NUL-terminate the content of text nodes.
Eliminate the awkward "bufappend()" global output buffer.
Simplify and improve handling of <paramdef>.
Substantial functional improvements, easier to read, yet minus 20 LOC.
Modified Files:
--------------
docbook2mdoc:
docbook2mdoc.c
Revision Data
-------------
Index: docbook2mdoc.c
===================================================================
RCS file: /home/cvs/mdocml/docbook2mdoc/docbook2mdoc.c,v
retrieving revision 1.71
retrieving revision 1.72
diff -Ldocbook2mdoc.c -Ldocbook2mdoc.c -u -p -r1.71 -r1.72
--- docbook2mdoc.c
+++ docbook2mdoc.c
@@ -48,9 +48,6 @@ struct parse {
unsigned int flags; /* document-wide flags */
struct pnode *root; /* root of parse tree */
struct pnode *cur; /* current node in tree */
- char *b; /* NUL-terminated buffer for pre-print */
- size_t bsz; /* current length of b */
- size_t mbsz; /* max bsz allocation */
int level; /* header level, starting at 1 */
enum linestate linestate;
};
@@ -273,7 +270,7 @@ xml_char(void *arg, const XML_Char *p, i
return;
p += i;
sz -= i;
- dat = calloc(1, sizeof(struct pnode));
+ dat = calloc(1, sizeof(*dat));
if (dat == NULL) {
perror(NULL);
exit(1);
@@ -290,14 +287,14 @@ xml_char(void *arg, const XML_Char *p, i
/* Append to current buffer. */
assert(sz >= 0);
- ps->cur->b = realloc(ps->cur->b,
- ps->cur->bsz + (size_t)sz);
+ ps->cur->b = realloc(ps->cur->b, ps->cur->bsz + sz + 1);
if (ps->cur->b == NULL) {
perror(NULL);
exit(1);
}
memcpy(ps->cur->b + ps->cur->bsz, p, sz);
- ps->cur->bsz += (size_t)sz;
+ ps->cur->bsz += sz;
+ ps->cur->b[ps->cur->bsz] = '\0';
ps->cur->real = ps->cur->b;
}
@@ -305,7 +302,7 @@ static void
pnode_trim(struct pnode *pn)
{
assert(pn->node == NODE_TEXT);
- for ( ; pn->bsz > 0; pn->bsz--)
+ for (; pn->bsz > 0; pn->b[--pn->bsz] = '\0')

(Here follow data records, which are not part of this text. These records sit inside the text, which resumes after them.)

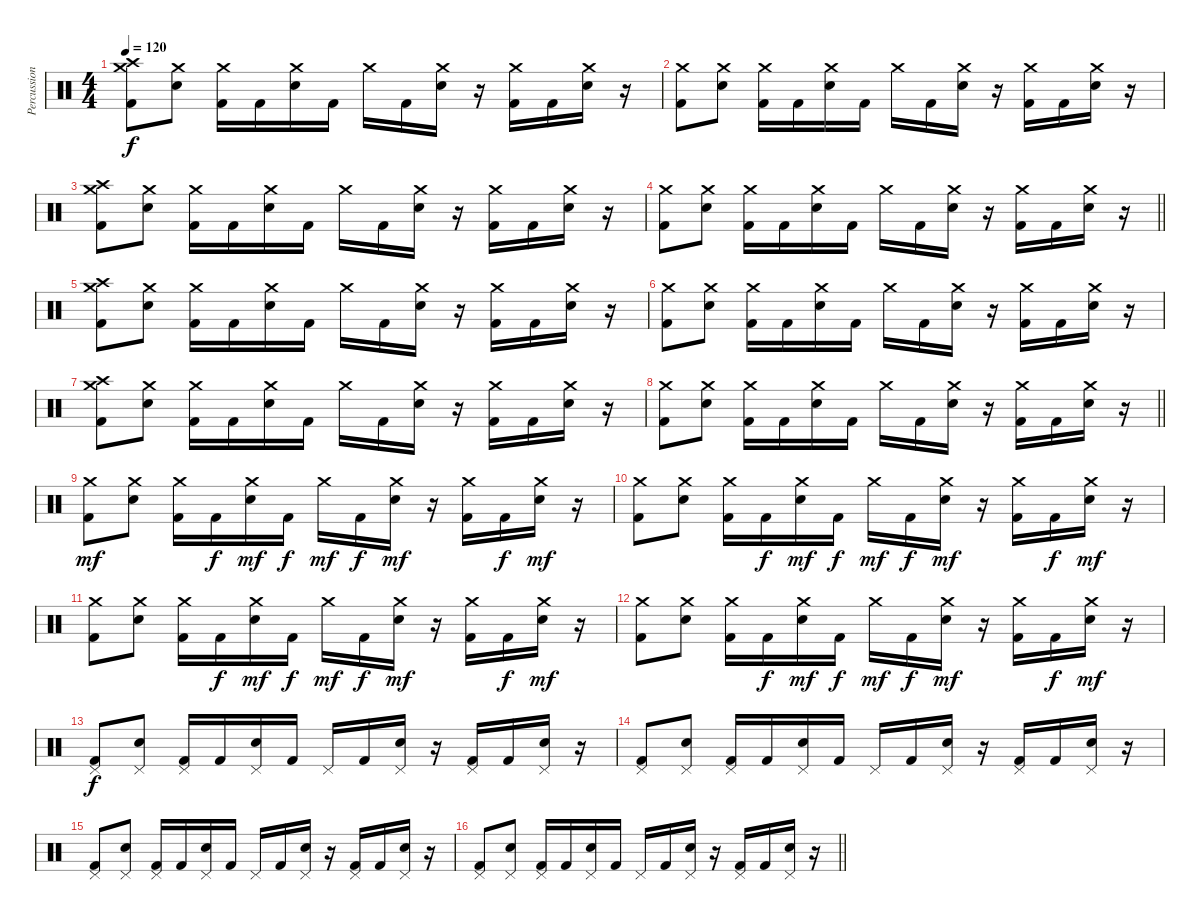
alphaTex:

\track ("Percussion" "Percussion") {instrument percussion}
\staff {score}
\articulation defaults
\ts (4 4)
\tempo 120
\clef neutral
\ks c
("Crash medium (hit)" "Crash high (hit)" "Kick (hit) 2").8{dy f} ("Crash medium (hit)" "Electric Snare (hit)").8 ("Crash medium (hit)" "Kick (hit) 2").16 "Kick (hit) 2".16 ("Crash medium (hit)" "Electric Snare (hit)").16 "Kick (hit) 2".16 "Crash medium (hit)".16 "Kick (hit) 2".16 ("Crash medium (hit)" "Electric Snare (hit)").16 r.16 ("Crash medium (hit)" "Kick (hit) 2").16 "Kick (hit) 2".16 ("Crash medium (hit)" "Electric Snare (hit)").16 r.16 |
("Crash medium (hit)" "Kick (hit) 2").8 ("Crash medium (hit)" "Electric Snare (hit)").8 ("Crash medium (hit)" "Kick (hit) 2").16 "Kick (hit) 2".16 ("Crash medium (hit)" "Electric Snare (hit)").16 "Kick (hit) 2".16 "Crash medium (hit)".16 "Kick (hit) 2".16 ("Crash medium (hit)" "Electric Snare (hit)").16 r.16 ("Crash medium (hit)" "Kick (hit) 2").16 "Kick (hit) 2".16 ("Crash medium (hit)" "Electric Snare (hit)").16 r.16 |
("Crash medium (hit)" "Crash high (hit)" "Kick (hit) 2").8 ("Crash medium (hit)" "Electric Snare (hit)").8 ("Crash medium (hit)" "Kick (hit) 2").16 "Kick (hit) 2".16 ("Crash medium (hit)" "Electric Snare (hit)").16 "Kick (hit) 2".16 "Crash medium (hit)".16 "Kick (hit) 2".16 ("Crash medium (hit)" "Electric Snare (hit)").16 r.16 ("Crash medium (hit)" "Kick (hit) 2").16 "Kick (hit) 2".16 ("Crash medium (hit)" "Electric Snare (hit)").16 r.16 |
\barLineRight lightlight
("Crash medium (hit)" "Kick (hit) 2").8 ("Crash medium (hit)" "Electric Snare (hit)").8 ("Crash medium (hit)" "Kick (hit) 2").16 "Kick (hit) 2".16 ("Crash medium (hit)" "Electric Snare (hit)").16 "Kick (hit) 2".16 "Crash medium (hit)".16 "Kick (hit) 2".16 ("Crash medium (hit)" "Electric Snare (hit)").16 r.16 ("Crash medium (hit)" "Kick (hit) 2").16 "Kick (hit) 2".16 ("Crash medium (hit)" "Electric Snare (hit)").16 r.16 |
("Crash medium (hit)" "Crash high (hit)" "Kick (hit) 2").8 ("Crash medium (hit)" "Electric Snare (hit)").8 ("Crash medium (hit)" "Kick (hit) 2").16 "Kick (hit) 2".16 ("Crash medium (hit)" "Electric Snare (hit)").16 "Kick (hit) 2".16 "Crash medium (hit)".16 "Kick (hit) 2".16 ("Crash medium (hit)" "Electric Snare (hit)").16 r.16 ("Crash medium (hit)" "Kick (hit) 2").16 "Kick (hit) 2".16 ("Crash medium (hit)" "Electric Snare (hit)").16 r.16 |
("Crash medium (hit)" "Kick (hit) 2").8 ("Crash medium (hit)" "Electric Snare (hit)").8 ("Crash medium (hit)" "Kick (hit) 2").16 "Kick (hit) 2".16 ("Crash medium (hit)" "Electric Snare (hit)").16 "Kick (hit) 2".16 "Crash medium (hit)".16 "Kick (hit) 2".16 ("Crash medium (hit)" "Electric Snare (hit)").16 r.16 ("Crash medium (hit)" "Kick (hit) 2").16 "Kick (hit) 2".16 ("Crash medium (hit)" "Electric Snare (hit)").16 r.16 |
("Crash medium (hit)" "Crash high (hit)" "Kick (hit) 2").8 ("Crash medium (hit)" "Electric Snare (hit)").8 ("Crash medium (hit)" "Kick (hit) 2").16 "Kick (hit) 2".16 ("Crash medium (hit)" "Electric Snare (hit)").16 "Kick (hit) 2".16 "Crash medium (hit)".16 "Kick (hit) 2".16 ("Crash medium (hit)" "Electric Snare (hit)").16 r.16 ("Crash medium (hit)" "Kick (hit) 2").16 "Kick (hit) 2".16 ("Crash medium (hit)" "Electric Snare (hit)").16 r.16 |
\barLineRight lightlight
("Crash medium (hit)" "Kick (hit) 2").8 ("Crash medium (hit)" "Electric Snare (hit)").8 ("Crash medium (hit)" "Kick (hit) 2").16 "Kick (hit) 2".16 ("Crash medium (hit)" "Electric Snare (hit)").16 "Kick (hit) 2".16 "Crash medium (hit)".16 "Kick (hit) 2".16 ("Crash medium (hit)" "Electric Snare (hit)").16 r.16 ("Crash medium (hit)" "Kick (hit) 2").16 "Kick (hit) 2".16 ("Crash medium (hit)" "Electric Snare (hit)").16 r.16 |
("Crash medium (hit)" "Kick (hit) 2").8{dy mf} ("Crash medium (hit)" "Electric Snare (hit)").8 ("Crash medium (hit)" "Kick (hit) 2").16 "Kick (hit) 2".16{dy f} ("Crash medium (hit)" "Electric Snare (hit)").16{dy mf} "Kick (hit) 2".16{dy f} "Crash medium (hit)".16{dy mf} "Kick (hit) 2".16{dy f} ("Crash medium (hit)" "Electric Snare (hit)").16{dy mf} r.16 ("Crash medium (hit)" "Kick (hit) 2").16 "Kick (hit) 2".16{dy f} ("Crash medium (hit)" "Electric Snare (hit)").16{dy mf} r.16 |
("Crash medium (hit)" "Kick (hit) 2").8 ("Crash medium (hit)" "Electric Snare (hit)").8 ("Crash medium (hit)" "Kick (hit) 2").16 "Kick (hit) 2".16{dy f} ("Crash medium (hit)" "Electric Snare (hit)").16{dy mf} "Kick (hit) 2".16{dy f} "Crash medium (hit)".16{dy mf} "Kick (hit) 2".16{dy f} ("Crash medium (hit)" "Electric Snare (hit)").16{dy mf} r.16 ("Crash medium (hit)" "Kick (hit) 2").16 "Kick (hit) 2".16{dy f} ("Crash medium (hit)" "Electric Snare (hit)").16{dy mf} r.16 |
("Crash medium (hit)" "Kick (hit) 2").8 ("Crash medium (hit)" "Electric Snare (hit)").8 ("Crash medium (hit)" "Kick (hit) 2").16 "Kick (hit) 2".16{dy f} ("Crash medium (hit)" "Electric Snare (hit)").16{dy mf} "Kick (hit) 2".16{dy f} "Crash medium (hit)".16{dy mf} "Kick (hit) 2".16{dy f} ("Crash medium (hit)" "Electric Snare (hit)").16{dy mf} r.16 ("Crash medium (hit)" "Kick (hit) 2").16 "Kick (hit) 2".16{dy f} ("Crash medium (hit)" "Electric Snare (hit)").16{dy mf} r.16 |
("Crash medium (hit)" "Kick (hit) 2").8 ("Crash medium (hit)" "Electric Snare (hit)").8 ("Crash medium (hit)" "Kick (hit) 2").16 "Kick (hit) 2".16{dy f} ("Crash medium (hit)" "Electric Snare (hit)").16{dy mf} "Kick (hit) 2".16{dy f} "Crash medium (hit)".16{dy mf} "Kick (hit) 2".16{dy f} ("Crash medium (hit)" "Electric Snare (hit)").16{dy mf} r.16 ("Crash medium (hit)" "Kick (hit) 2").16 "Kick (hit) 2".16{dy f} ("Crash medium (hit)" "Electric Snare (hit)").16{dy mf} r.16 |
("Pedal Hi-Hat (hit)" "Kick (hit) 2").8{dy f} ("Pedal Hi-Hat (hit)" "Electric Snare (hit)").8 ("Pedal Hi-Hat (hit)" "Kick (hit) 2").16 "Kick (hit) 2".16 ("Pedal Hi-Hat (hit)" "Electric Snare (hit)").16 "Kick (hit) 2".16 "Pedal Hi-Hat (hit)".16 "Kick (hit) 2".16 ("Pedal Hi-Hat (hit)" "Electric Snare (hit)").16 r.16 ("Pedal Hi-Hat (hit)" "Kick (hit) 2").16 "Kick (hit) 2".16 ("Pedal Hi-Hat (hit)" "Electric Snare (hit)").16 r.16 |
("Pedal Hi-Hat (hit)" "Kick (hit) 2").8 ("Pedal Hi-Hat (hit)" "Electric Snare (hit)").8 ("Pedal Hi-Hat (hit)" "Kick (hit) 2").16 "Kick (hit) 2".16 ("Pedal Hi-Hat (hit)" "Electric Snare (hit)").16 "Kick (hit) 2".16 "Pedal Hi-Hat (hit)".16 "Kick (hit) 2".16 ("Pedal Hi-Hat (hit)" "Electric Snare (hit)").16 r.16 ("Pedal Hi-Hat (hit)" "Kick (hit) 2").16 "Kick (hit) 2".16 ("Pedal Hi-Hat (hit)" "Electric Snare (hit)").16 r.16 |
("Pedal Hi-Hat (hit)" "Kick (hit) 2").8 ("Pedal Hi-Hat (hit)" "Electric Snare (hit)").8 ("Pedal Hi-Hat (hit)" "Kick (hit) 2").16 "Kick (hit) 2".16 ("Pedal Hi-Hat (hit)" "Electric Snare (hit)").16 "Kick (hit) 2".16 "Pedal Hi-Hat (hit)".16 "Kick (hit) 2".16 ("Pedal Hi-Hat (hit)" "Electric Snare (hit)").16 r.16 ("Pedal Hi-Hat (hit)" "Kick (hit) 2").16 "Kick (hit) 2".16 ("Pedal Hi-Hat (hit)" "Electric Snare (hit)").16 r.16 |
\barLineRight lightlight
("Pedal Hi-Hat (hit)" "Kick (hit) 2").8 ("Pedal Hi-Hat (hit)" "Electric Snare (hit)").8 ("Pedal Hi-Hat (hit)" "Kick (hit) 2").16 "Kick (hit) 2".16 ("Pedal Hi-Hat (hit)" "Electric Snare (hit)").16 "Kick (hit) 2".16 "Pedal Hi-Hat (hit)".16 "Kick (hit) 2".16 ("Pedal Hi-Hat (hit)" "Electric Snare (hit)").16 r.16 ("Pedal Hi-Hat (hit)" "Kick (hit) 2").16 "Kick (hit) 2".16 ("Pedal Hi-Hat (hit)" "Electric Snare (hit)").16 r.16
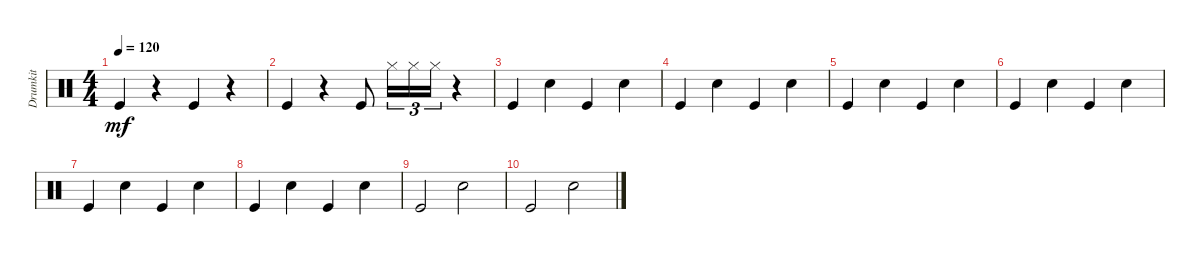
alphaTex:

\track ("Drumkit" "Drumkit") {instrument percussion}
\staff {score}
\articulation defaults
\ts (4 4)
\tempo 120
\clef neutral
\ks c "Kick (hit)".4{dy mf}
r.4 "Kick (hit)".4 r.4 |
"Kick (hit)".4 r.4 "Kick (hit)".8 "Hi-Hat (closed)".16{tu (3 2)} "Hi-Hat (closed)".16{tu (3 2)} "Hi-Hat (closed)".16{tu (3 2)} r.4 |
"Kick (hit)".4 "Snare (hit) 2".4 "Kick (hit)".4 "Snare (hit) 2".4 |
"Kick (hit)".4 "Snare (hit) 2".4 "Kick (hit)".4 "Snare (hit) 2".4 |
"Kick (hit)".4 "Snare (hit) 2".4 "Kick (hit)".4 "Snare (hit) 2".4 |
"Kick (hit)".4 "Snare (hit) 2".4 "Kick (hit)".4 "Snare (hit) 2".4 |
"Kick (hit)".4 "Snare (hit) 2".4 "Kick (hit)".4 "Snare (hit) 2".4 |
"Kick (hit)".4 "Snare (hit) 2".4 "Kick (hit)".4 "Snare (hit) 2".4 |
"Kick (hit)".2 "Snare (hit) 2".2 |
"Kick (hit)".2 "Snare (hit) 2".2

if ( ! isspace((unsigned char)pn->b[pn->bsz - 1]))
break;
}
@@ -369,7 +366,7 @@ xml_elem_start(void *arg, const XML_Char
if (node->node == NODE_INLINEEQUATION)
ps->flags |= PARSE_EQN;
- if ((dat = calloc(1, sizeof(struct pnode))) == NULL) {
+ if ((dat = calloc(1, sizeof(*dat))) == NULL) {
perror(NULL);
exit(1);
}
@@ -406,7 +403,7 @@ xml_elem_start(void *arg, const XML_Char
for (val = 0; val < ATTRVAL__MAX; val++)
if (strcmp(att[1], attrvals[val]) == 0)
break;
- pattr = calloc(1, sizeof(struct pattr));
+ pattr = calloc(1, sizeof(*pattr));
pattr->key = key;
pattr->val = val;
if (val == ATTRVAL__MAX)
@@ -526,55 +523,6 @@ pnode_getattr_raw(struct pnode *pn, enum
}
/*
- * Reset the lookaside buffer.
- */
-static void
-bufclear(struct parse *p)
-{
-
- p->b[p->bsz = 0] = '\0';
-}
-
-/*
- * Append NODE_TEXT contents to the current buffer, reallocating its
- * size if necessary.
- * The buffer is ALWAYS NUL-terminated.
- */
-static void
-bufappend(struct parse *p, struct pnode *pn)
-{
-
- assert(pn->node == NODE_TEXT);
- if (p->bsz + pn->bsz + 1 > p->mbsz) {
- p->mbsz = p->bsz + pn->bsz + 1;
- if ((p->b = realloc(p->b, p->mbsz)) == NULL) {
- perror(NULL);
- exit(1);
- }
- }
- memcpy(p->b + p->bsz, pn->b, pn->bsz);
- p->bsz += pn->bsz;
- p->b[p->bsz] = '\0';
-}
-
-/*
- * Recursively append all NODE_TEXT nodes to the buffer.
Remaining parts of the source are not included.